You might expect, with good reason, that the public response to this outrage would be nigh-on nuclear. After all, we’re talking about the most appalling violation of trust fathomable – the only scandal in recent memory on a par with the BSA conspiracy is the Roman Catholic Church’s pedophile ring.

Instead, the outcry has been minimal, at best. The organization’s decision to deny one member his Eagle rank because he’s gay seems to have garnered about as much national attention. (How ironic, by the way. If you’re a gay kid who has earned Eagle, screw you. If you’re a gay who wants to be a scoutmaster, thanks, but you need not apply. If you’re a pedophile, though, we got your back.) Granted, the Boy Scout scandal isn’t threatening any football programs, but still, you’d think it would be driving at least a little bit of interest, wouldn’t you?

In any event, the Times report paints a picture of BSA leadership involved in a systematic, sustained campaign to cover up felony behavior. Earlier today, I found myself wondering why we weren’t hearing more about federal investigations into these crimes. More specifically, I began thinking that perhaps RICO charges might be in order.

The Racketeer Influenced and Corrupt Organizations Act…focuses specifically on racketeering, and it allows for the leaders of a syndicate to be tried for the crimes which they ordered others to do or assisted them, closing a perceived loophole that allowed someone who told a man to, for example, murder, to be exempt from the trial because he did not actually do it… While its original use in the 1970s was to prosecute the Mafia as well as others who were actively engaged in organized crime, its later application has been more widespread.

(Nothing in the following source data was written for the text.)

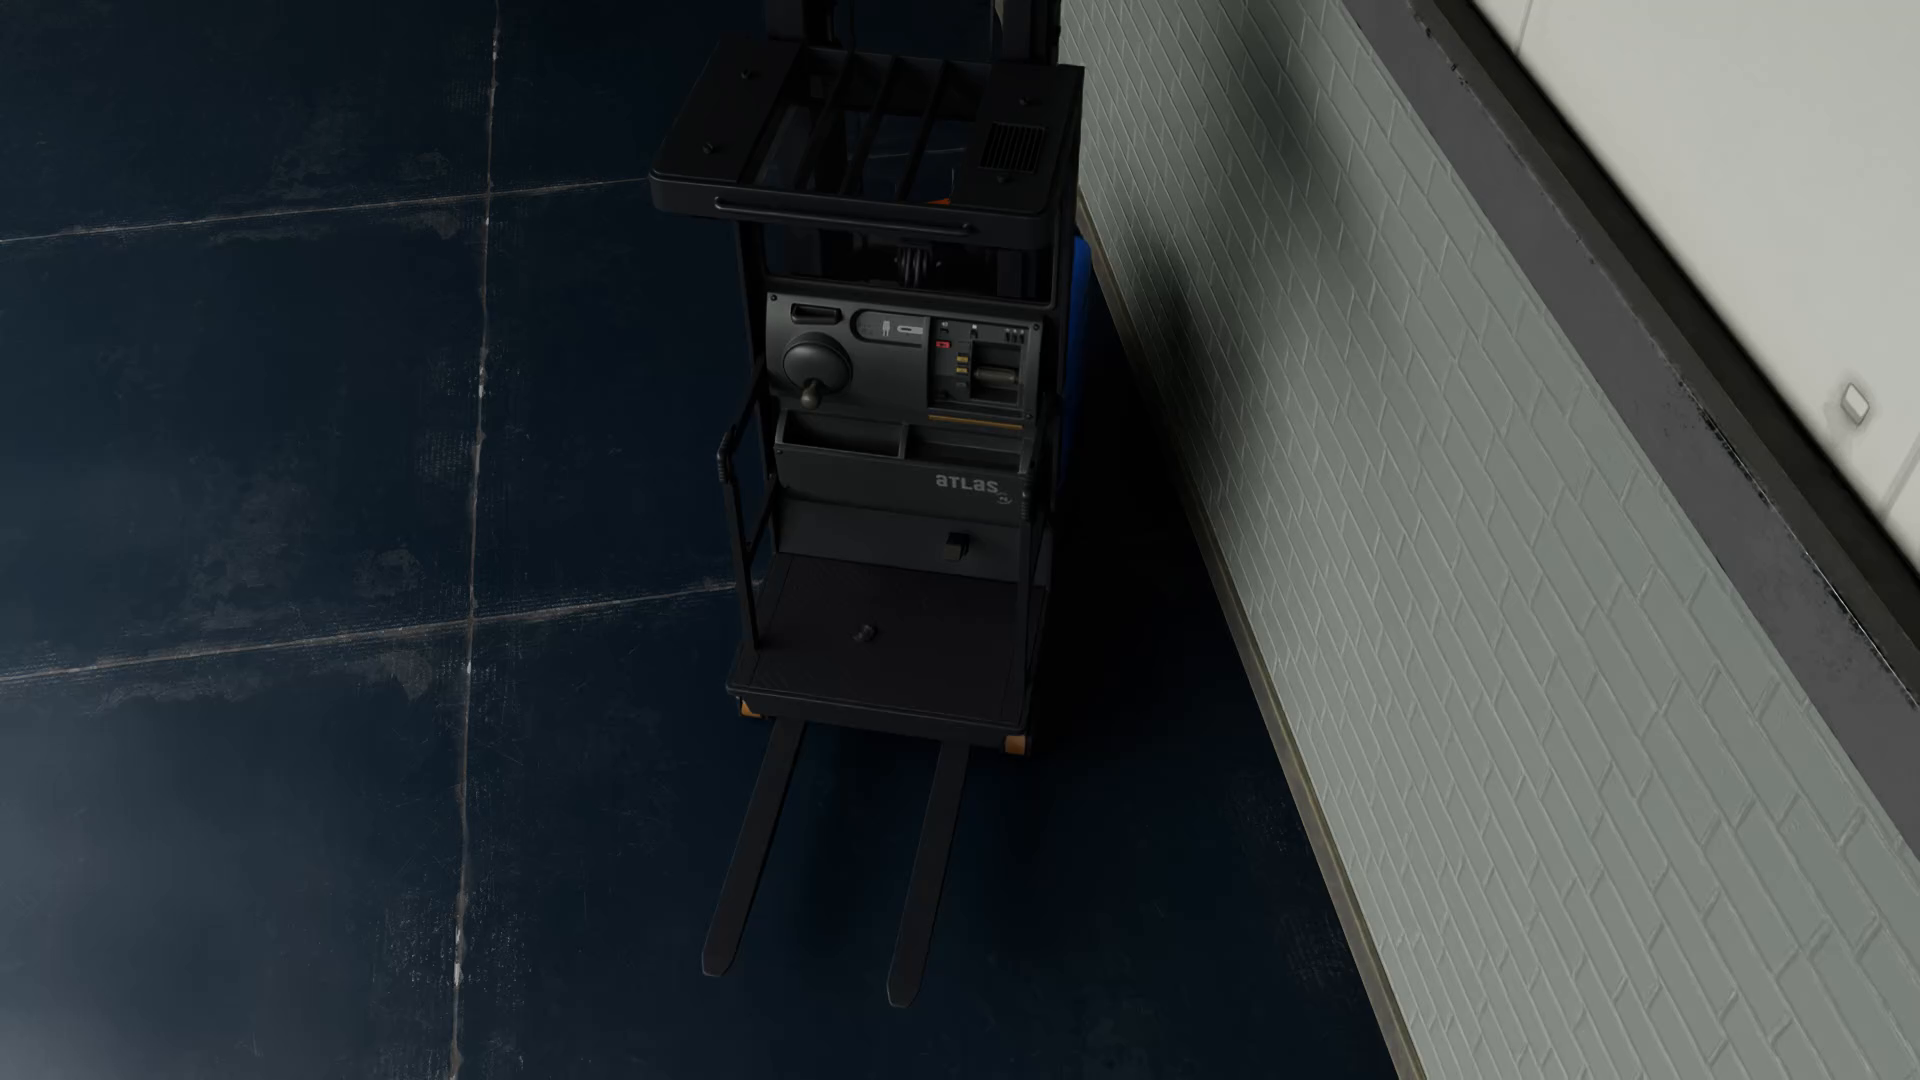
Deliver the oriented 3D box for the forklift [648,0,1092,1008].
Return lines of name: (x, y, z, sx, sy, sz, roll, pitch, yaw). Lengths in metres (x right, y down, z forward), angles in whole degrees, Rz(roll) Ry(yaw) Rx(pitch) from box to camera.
forklift: (-0.225, -0.509, 5.398, 1.130, 2.935, 3.031, 7, 47, 7)

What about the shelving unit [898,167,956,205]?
shelving unit: (-0.093, -1.090, 7.257, 0.252, 1.050, 0.215, -17, 46, -16)

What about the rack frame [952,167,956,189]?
rack frame: (0.019, -1.125, 7.291, 0.008, 1.050, 0.200, -17, 46, -16)

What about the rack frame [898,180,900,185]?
rack frame: (-0.205, -1.056, 7.224, 0.008, 1.050, 0.200, -17, 46, -16)

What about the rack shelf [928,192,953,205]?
rack shelf: (-0.098, -1.289, 7.069, 0.240, 0.259, 0.215, -17, 46, -16)
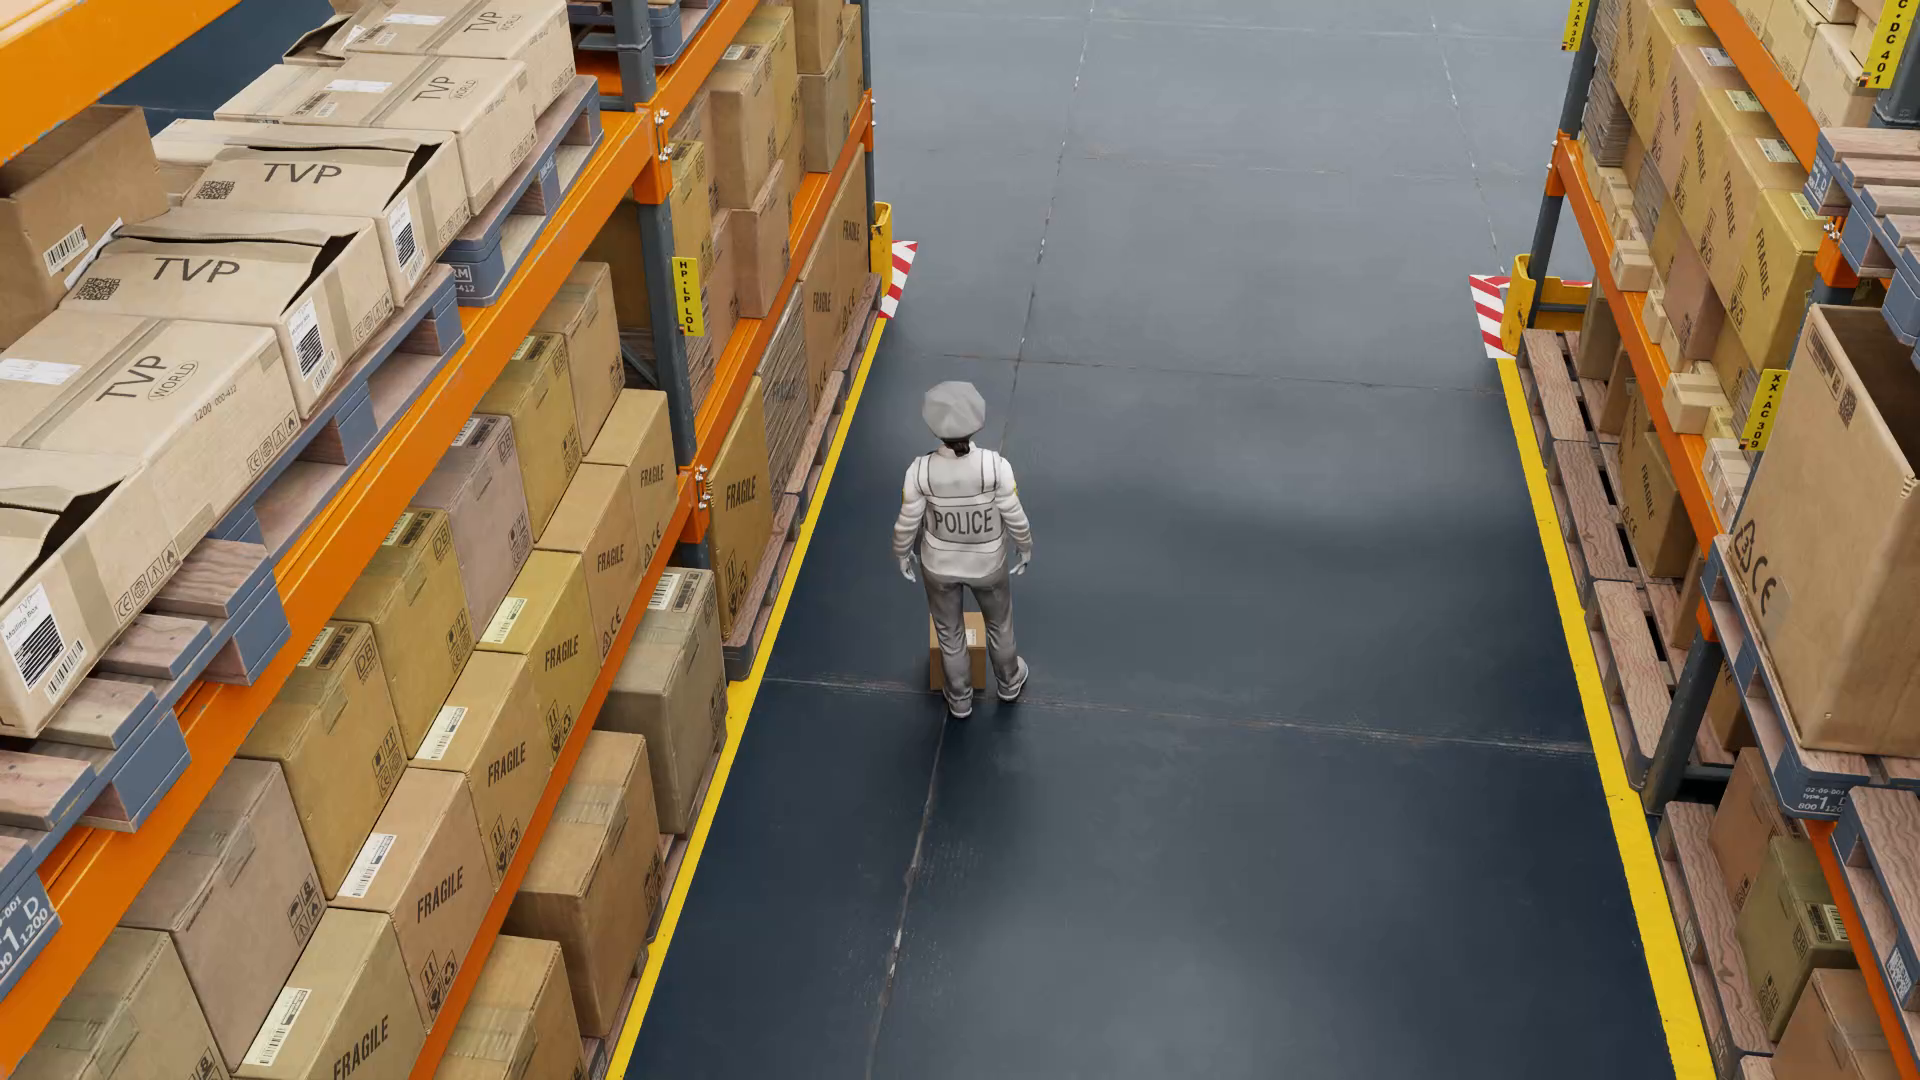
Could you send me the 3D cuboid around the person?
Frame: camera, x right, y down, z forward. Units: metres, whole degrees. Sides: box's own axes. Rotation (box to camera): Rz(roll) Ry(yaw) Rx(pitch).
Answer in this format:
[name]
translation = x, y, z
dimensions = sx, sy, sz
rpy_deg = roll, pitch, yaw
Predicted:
[person]
translation = 0.016, 0.036, 6.945
dimensions = 0.587, 1.694, 0.529
rpy_deg = 0, 36, 0
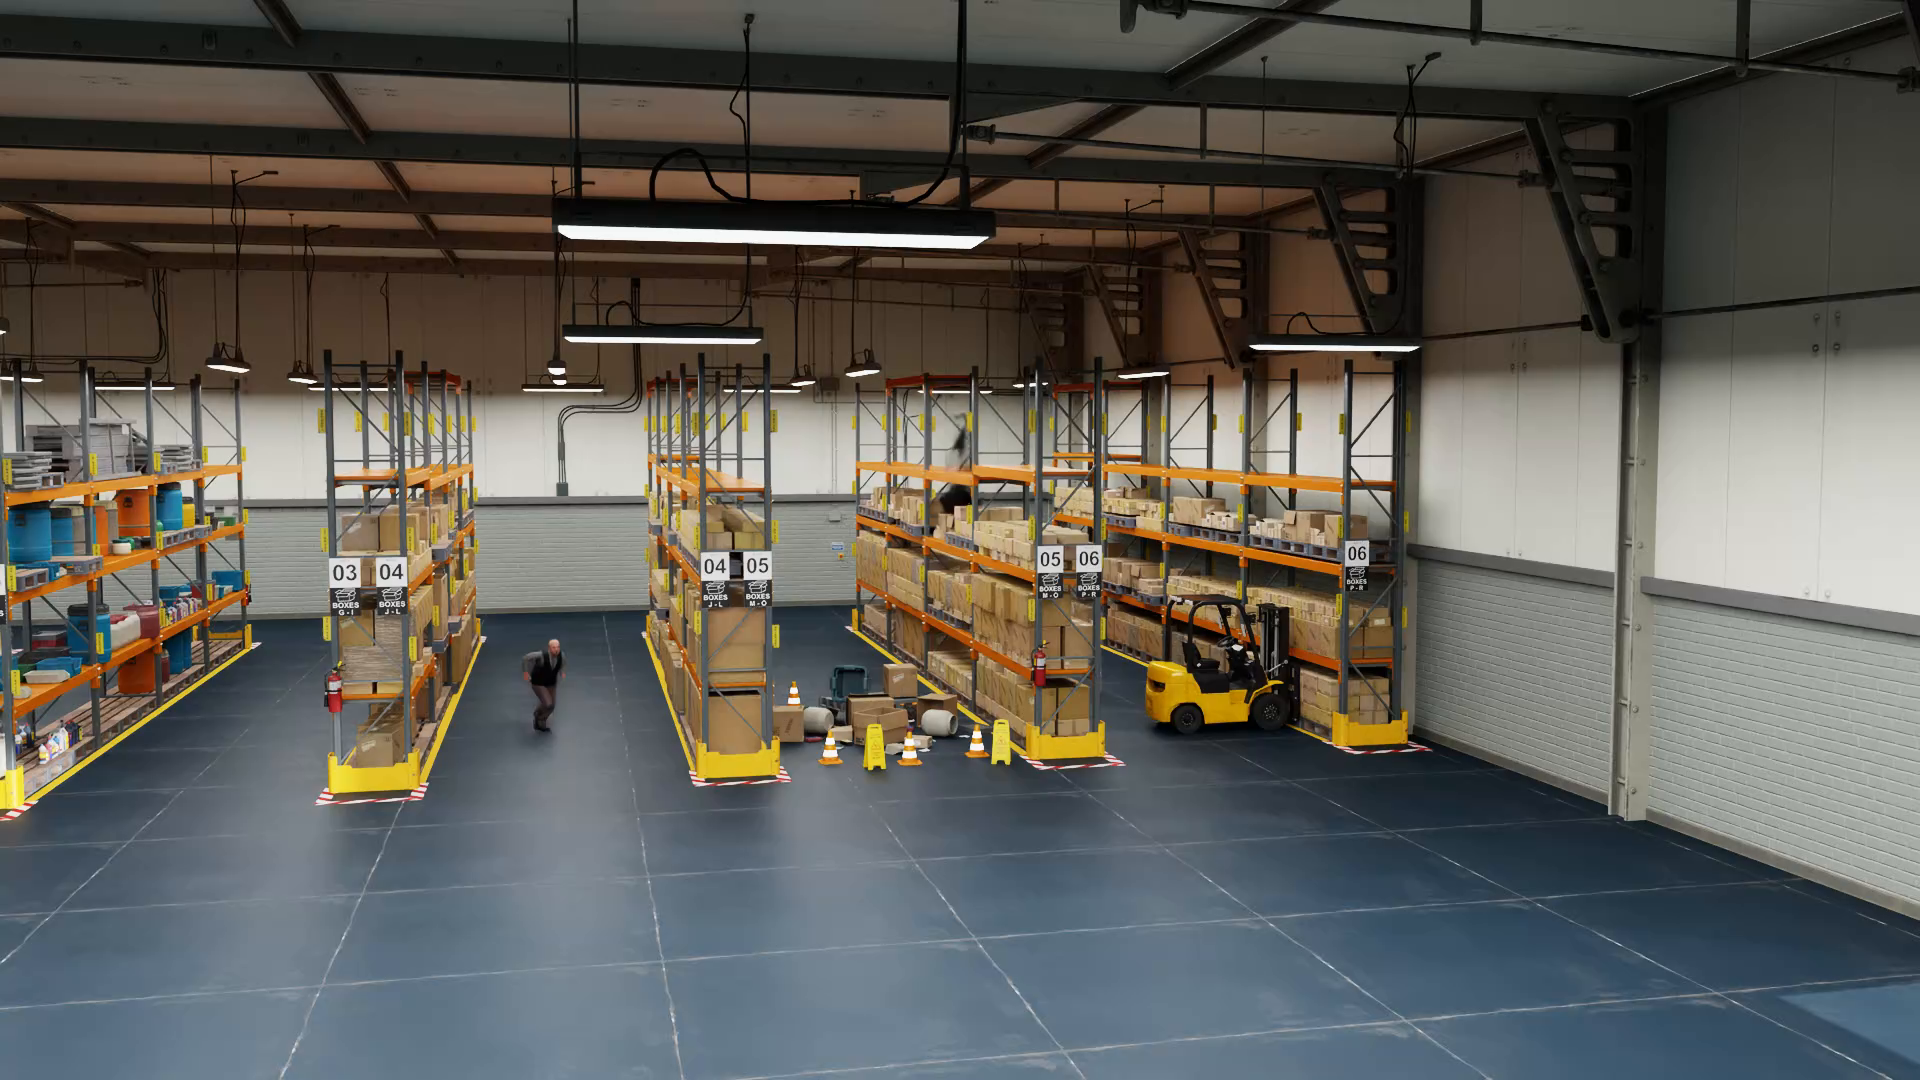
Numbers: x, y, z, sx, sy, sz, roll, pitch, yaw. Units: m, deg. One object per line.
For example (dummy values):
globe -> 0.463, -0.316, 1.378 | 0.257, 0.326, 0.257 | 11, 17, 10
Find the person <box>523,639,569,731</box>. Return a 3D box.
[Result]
person -> -6.679, 2.349, 26.824 | 0.688, 1.552, 0.919 | -4, 5, -42

Since I’m not a lawyer, I reached out to Guy Saperstein, one of America’s most prominent attorneys. Here’s what he said:

I think RICO has been used in a few cases against Catholic church officials; I don’t recall if the cases were successful, but the cases went to juries, so at least a few federal judges found RICO to be applicable. The same standard could apply to the Boy Scouts, but to be successful under RICO, it would have to be shown that the abusive activity was at least sanctioned, if not designed, at the upper levels of the organization to be considered a criminal conspiracy. I also remember RICO being used here in Oakland against the head of the Hell’s Angels, Sonny Barger, a case defended by a friend of mine, but Sonny was acquitted or the jury hung when it could not be proven that running drugs and killing people was a policy of the Hell’s Angels.

So pursuing the Boy Scouts using RICO might be a potentially viable course of action (the case seems, from what I can tell, to be more or less parallel to the Catholic Church situation) although the outcome of such prosecution would be anything but certain. Was covering up for pedophiles “policy”? I’d think you could make the case, but I’m also sure that the BSA can afford good lawyers.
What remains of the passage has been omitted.